We have introduced a simple and economic tactic for the adaptation of low-cost PLEs with a CNT deposit that markedly enhances their electrochemical redox response as sensors. Performing the nanomaterial surface modification needed only a few immersions of the prefabricated PLEs in a dilute suspension of CNTs in DI water. The observation of reliable voltammetric signal enhancement in tests with thirty-five different pencil leads proved the universal applicability of the proposed modification method, while the reproducibility was confirmed by the small deviations of peak currents from triplicate CV and DPV measurements with identically prepared copies of CNT-PLE prototypes. The response of completed CNT-PLEs was stable over the timescale of standard electrochemical measurements and CNT-PLEs detected a selection of topical analytes considerably better than unmodified precursor PLEs.
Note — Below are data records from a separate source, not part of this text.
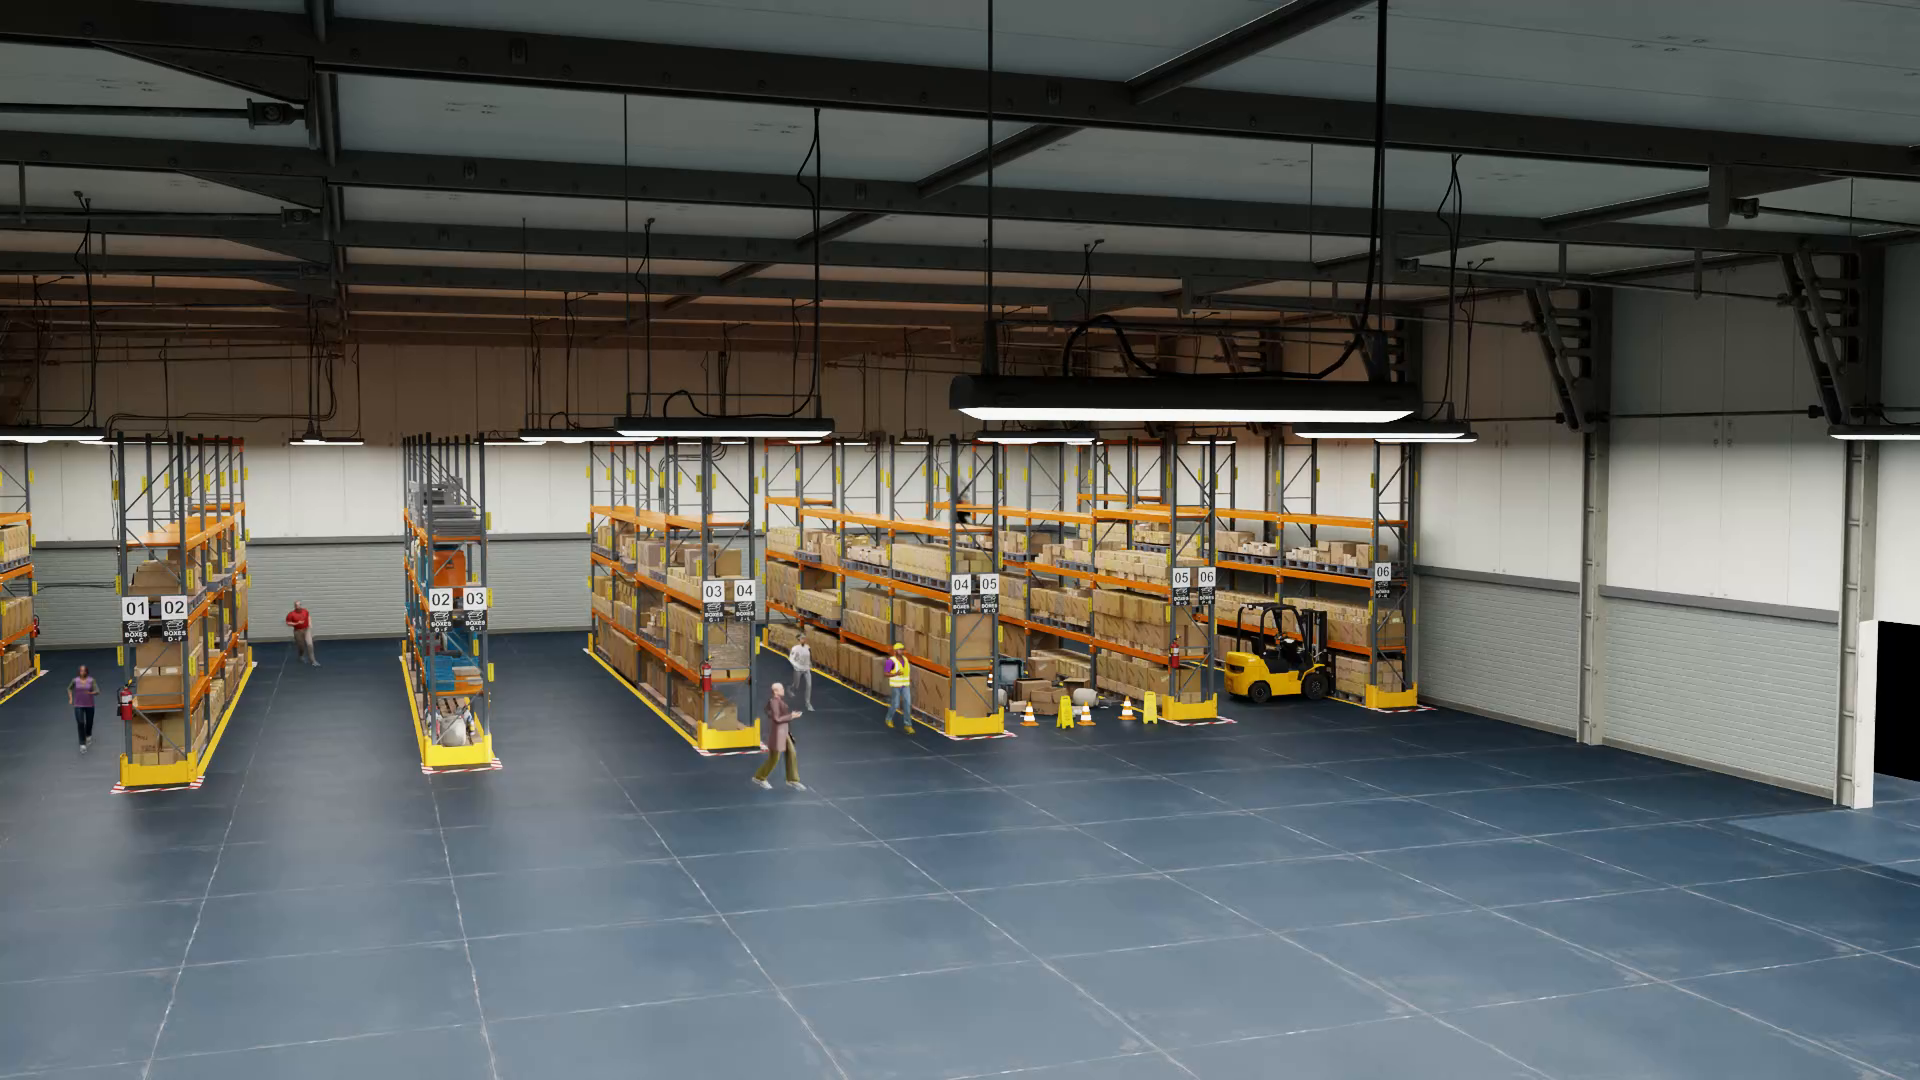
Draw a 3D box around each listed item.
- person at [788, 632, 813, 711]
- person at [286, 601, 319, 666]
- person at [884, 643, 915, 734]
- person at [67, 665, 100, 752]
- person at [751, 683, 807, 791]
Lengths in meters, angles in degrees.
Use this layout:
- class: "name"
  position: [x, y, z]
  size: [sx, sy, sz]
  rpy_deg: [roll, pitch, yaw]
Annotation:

PLs are cheap and easily obtained, the derived PLEs are easy to make, and their sensitivity-enhancing CNT modification is simple to perform. With these major technical advantages and the confirmed excellent detection capability in mind, our CNT-PLEs are recommended as robust and budget-friendly tools for sustainable electroanalysis. Our own further work will attempt their integration into devices for microfluidic electrochemical sample screening and the proposed CNT-PLEs will be explored as the basis of ‘green’ electrochemical enzyme biosensors.

Author contributions

KC: data curation, formal analysis, validation, visualization, writing – review and editing. AS: conceptualization, project administration, funding acquisition, resources, supervision, writing – original draft, writing – review and editing.

Conflicts of interest

There are no conflicts to declare.

Acknowledgements

The authors thank their institution VISTEC for the general study funding and the M. Eng. fellowship for Kamonwan Chatree. Finanicial support by the Thailand Science Research and Innovation (TSRI), through fundamental grant, fiscal year 2024 is also acknowledged, as is Dr David Apps, Edinburgh Medical School, Edinburgh, Scotland for his dedicated manuscript proofreading.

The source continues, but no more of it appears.